_ASSIGNED TASK_
Transcribe the whole listing exactly; the images stay out.

_COLLECTED DATA_
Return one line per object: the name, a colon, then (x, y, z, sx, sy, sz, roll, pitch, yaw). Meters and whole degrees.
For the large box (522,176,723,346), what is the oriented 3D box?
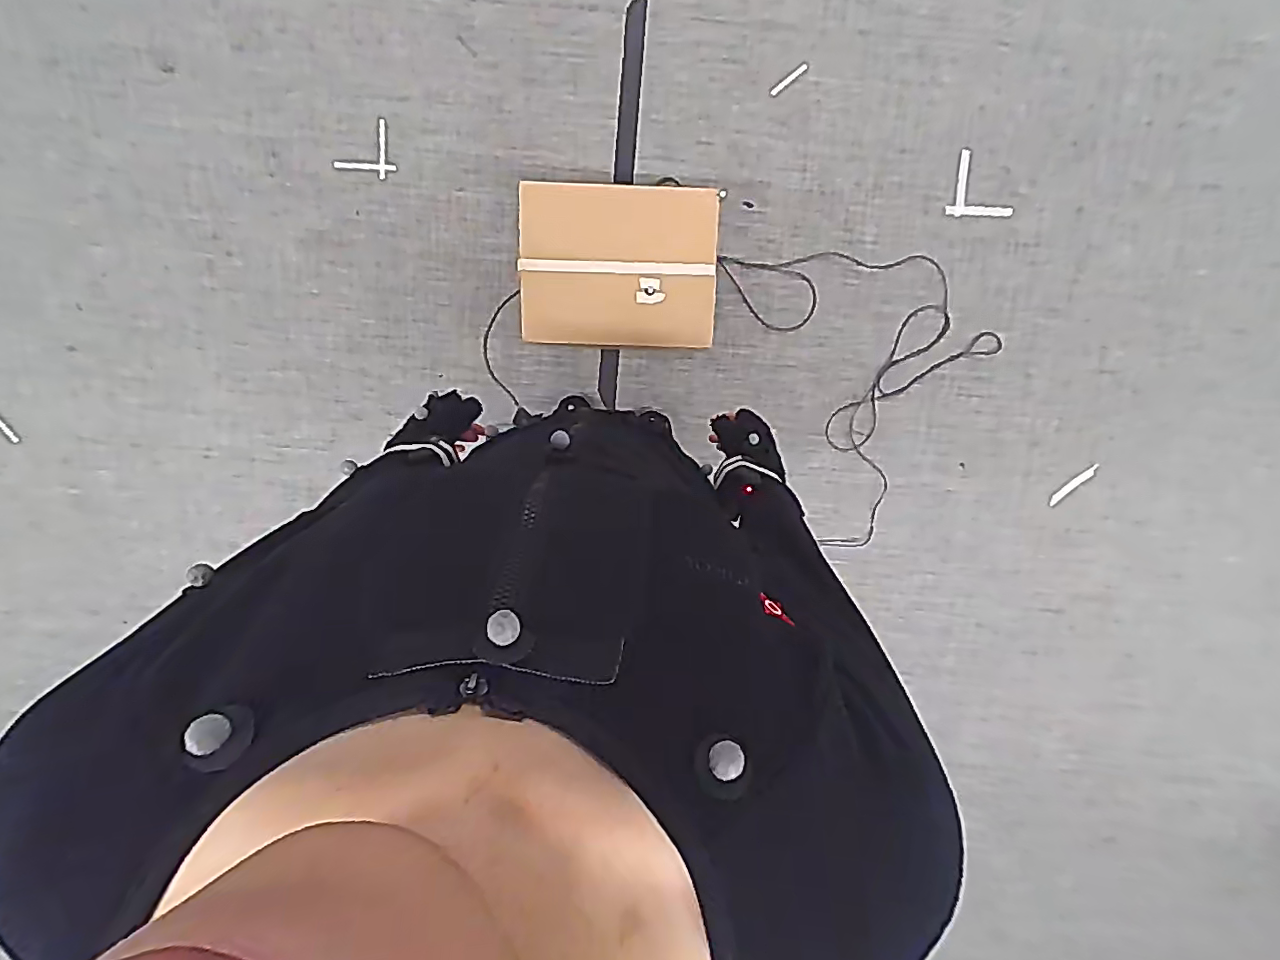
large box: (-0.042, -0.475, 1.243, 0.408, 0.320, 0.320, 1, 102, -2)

_PROBLEM SOLUTION_
Return one line per object: the name, a colon, then (x, y, z, sx, sy, sz, roll, pitch, yaw). Meters and whole degrees.
For the large box (522,176,723,346), what is the oriented 3D box?
large box: (-0.042, -0.475, 1.243, 0.408, 0.320, 0.320, 1, 102, -2)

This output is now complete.